Got more books on my mind than usual these days. Some initial thoughts:

Tripping on Utopia: Margaret Mead, the Cold War, and the Troubled Birth of Psychedelic Science by Benjamin Breen: This one is for my book club and I’m finding it fascinating. I confess I knew very little about Margaret Mead beyond the basics. I’m about a third of the way through this (extremely well-written) book and am finding the ways her humanistic anthropology led her not only to the idea that psychedelics might expand our ability to connect to one another, but also to working directly with the CIA to be fascinating and delightfully in tension with one another. So many people enter the orbit of Mead and her cohort you basically come away reading a chapter of this book thinking Breen has found an entry point to explaining the whole of American society during the decades he covers.

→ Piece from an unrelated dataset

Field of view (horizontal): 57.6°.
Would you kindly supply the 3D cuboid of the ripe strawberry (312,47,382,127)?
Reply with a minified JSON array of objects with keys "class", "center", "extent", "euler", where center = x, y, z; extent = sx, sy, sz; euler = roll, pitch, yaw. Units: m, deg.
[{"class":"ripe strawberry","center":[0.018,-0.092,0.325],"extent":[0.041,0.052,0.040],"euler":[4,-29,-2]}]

Stand on Zanzibar by John Brunner: I’m very far into a years (maybe decades) long project of reading all the Hugo winners for best novel. This quest continues despite the recent controversies (Babel absolutely should have been nominated, but the winner, Nettle and Bone by T. Kingfisher was the better book). I’m only a couple chapters into this one, but the introduction to the edition I got from my awesome local library served as a warning when it referenced Georges Perec as an influence. I will finish this, but the postmodern conceits are strong in this one.

Playing Cleopatra: Inventing the Female Celebrity in Third Republic France by Holly Grout: I’m just about done with Holly Grout’s new book on Sarah Bernhardt, Collette, and Josephine Baker’s relationship to Cleopatra. This might be considered a “work” book that I picked up in order to draft a chapter of an edited volume I am working on, but it hasn’t been as relevant as I had hoped. That said, the book is an excellent companion to Grout’s first book on beauty and effectively showcases the ways that these three actors put on display and mixed up the sexual and racial politics of the Third Republic.

New Syllabi

This semester, I’m once again offering my Honors seminar on the early modern period. I haven’t changed much about this course this semester and the syllabus is available here. As always, one of my main goals is providing some space for addressing the global context within the constraints of what remains a great books curriculum. I did add some extra in-class research and writing time, in many respects in response to the rise of ChatGPT and other tools.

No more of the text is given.